Random Asides

Best Word of ’08 Chosen

Okay, this post really has nothing to do with skepticism, but as writers and readers, it’s simply a bit of fun for us to start our Saturday.

On January 9, the American Dialect Society held its annual convention where its main order of business was to choose the top words and phrases of 2008. ADS members gathered to debate which American English vocabulary items — not just words but phrases — were not only newly prominent, but also notable and impactful in the past year. The staff at the Airport Motor Lodge (or where ever they actually met) kept them supplied with coffee and danish as they the discussed the merits of contenders like “Palinesque,” “skadoosh,” “bromance” and “thought showers” before voting for an overall winner.

By the way, I’m still digging one of 2007’s contenders, which was “Googleganger”. According to the society, “Googleganger” is a play on “doppelganger”. A Googleganger is a person with your name who shows up when you Google yourself.

Go try it, and see if you have any cool Googlegangers.

I actually have a couple of Googlegangers, but the most prominent seems to be a fairly well-received photographer. Heck, this blog is listed fourth when I Google “Sam Ogden”. Maybe I’m gaining on my Googleganger. Perhaps one day I’ll be at the top of the Sam Ogden list and the other Sam Ogdens will look up to me as the Sam Ogden Googleganger Extraordinaire.

Hey, one can dream.

But the words for 2008 are just as fun, as you’ll see after the fold.
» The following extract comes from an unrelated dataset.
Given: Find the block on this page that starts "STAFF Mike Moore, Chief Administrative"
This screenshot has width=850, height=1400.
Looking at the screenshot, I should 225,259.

So, from the American Dialect Society website, here are the words chosen as 2008’s best words or phrases. There are several different categories, and I’ve included the runners up the society considered in addition to the winners.
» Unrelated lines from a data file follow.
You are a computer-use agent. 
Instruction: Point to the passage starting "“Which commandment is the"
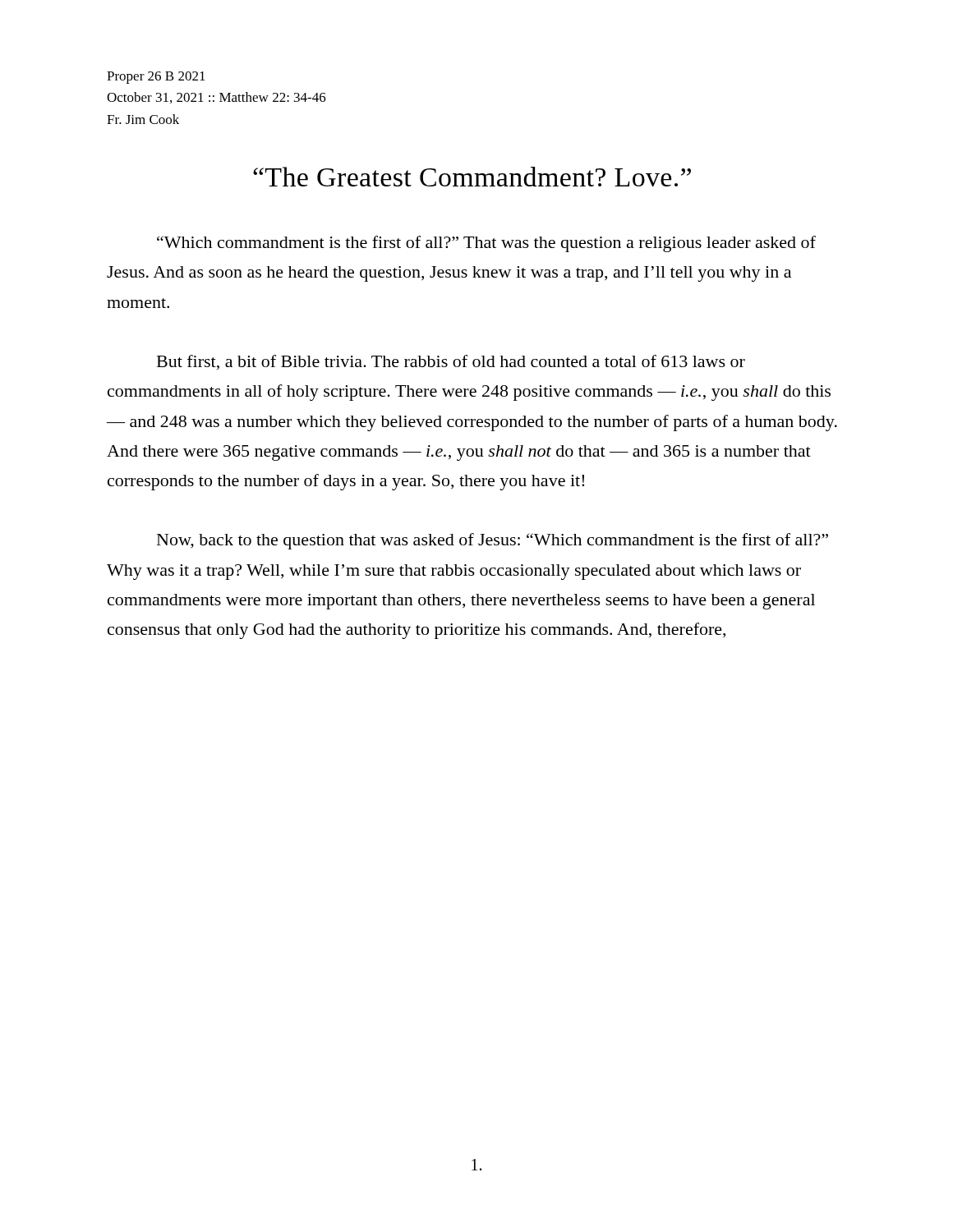461,272
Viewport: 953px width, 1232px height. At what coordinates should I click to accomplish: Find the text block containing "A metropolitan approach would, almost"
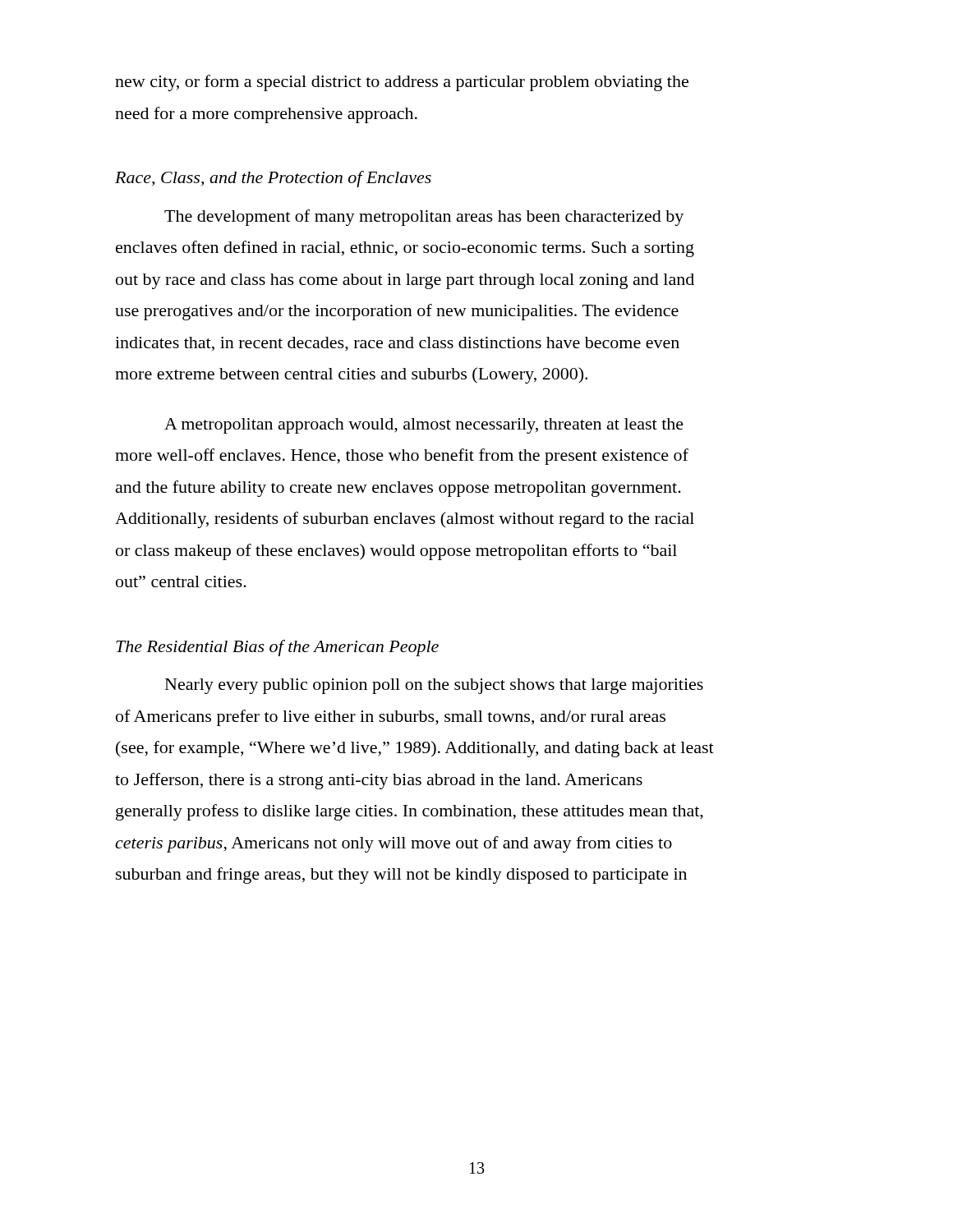tap(476, 503)
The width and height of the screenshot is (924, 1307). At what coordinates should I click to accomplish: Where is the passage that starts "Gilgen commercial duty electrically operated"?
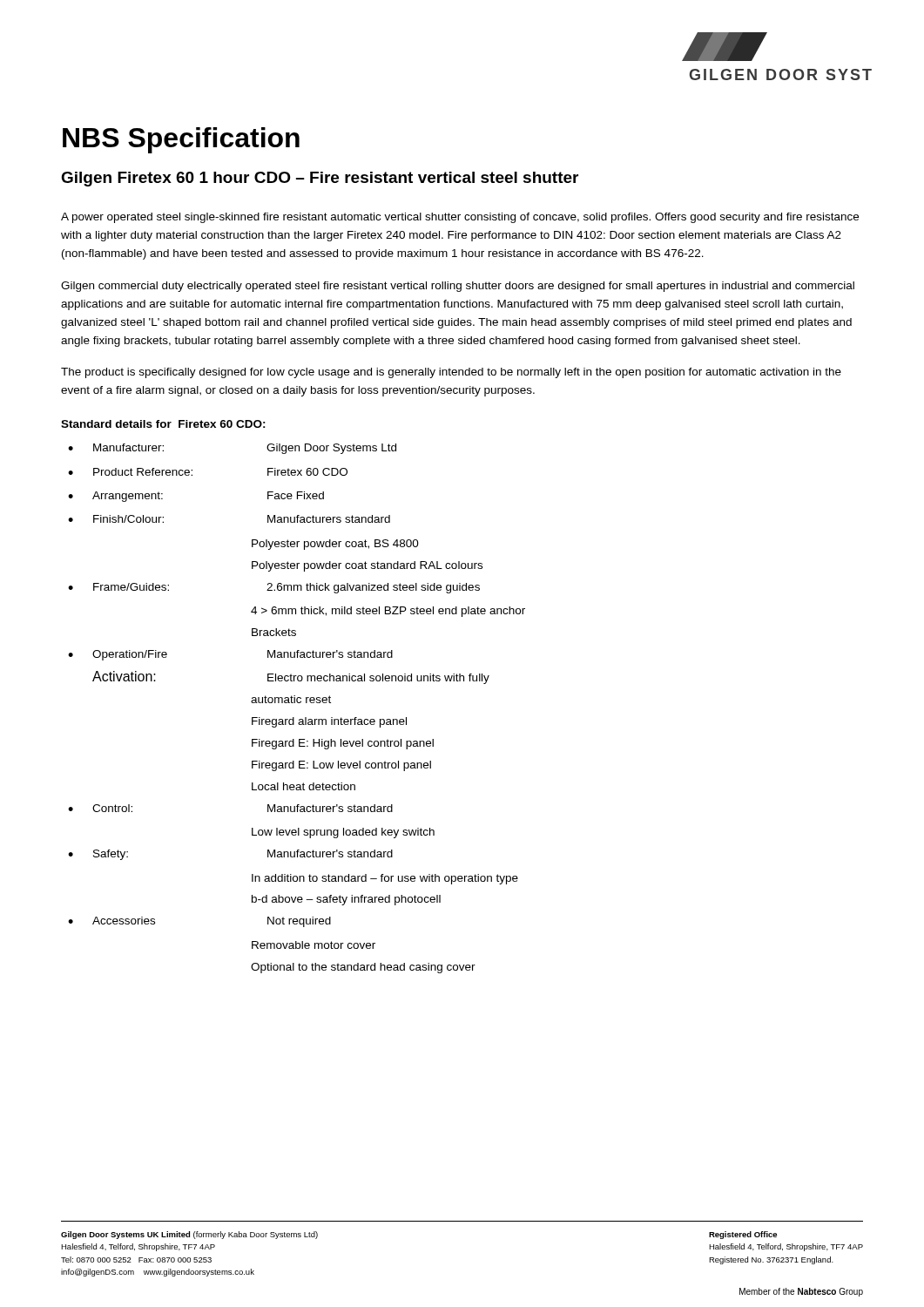pos(458,313)

WORD OF THE YEAR WINNER: bailout, the rescue by the government of companies on the brink of failure, including large players in the banking industry.

Other nominees for word of the year:

Barack Obama: Both names as combining forms in a large number of new words. A combining form is a word or part of a word that can be used as the root or basis of other words.
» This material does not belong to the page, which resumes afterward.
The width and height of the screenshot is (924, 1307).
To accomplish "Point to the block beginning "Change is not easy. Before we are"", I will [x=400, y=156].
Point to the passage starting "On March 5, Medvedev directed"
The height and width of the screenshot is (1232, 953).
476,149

lipstick on a pig: An adornment of something that can’t be made pretty.

change: Not so much a buzzword as political wallpaper, background noise, and ambient energy rolled into one. The idea of discarding old ideas and methods seemed to underlie everything said by national political candidates.

shovel-ready: Used to describe infrastructure projects that can be started quickly when funds become available.

game-changer: In business and politics, something that alters the nature of a marketplace, relationship, or campaign. From sports ‘something that changes a match or contest.’

—MOST USEFUL—

WINNER: Barack Obama: Both names as combining forms.

text(ing), in driving while texting (DWT), the sending of text messages while conducting and automobile, and textwalker, a person who texts while walking.

bailout: The rescue by the government of companies on the brink of failure, including large players in the banking industry.

Palinesque: Pertaining to a person who has extended themselves beyond their expertise, thereby bringing ridicule upon a serious matter.

—MOST CREATIVE—

WINNER: recombobulation area: An area at Mitchell International Airport in Milwaukee in which passengers that have just passed through security screening can get their clothes and belongings back in order.

long photo: A video of 90 seconds or less. Used by the photo-sharing web site Flickr.

skadoosh: A nonsense interjection popularized by Jack Black in the movie Kung Fu Panda.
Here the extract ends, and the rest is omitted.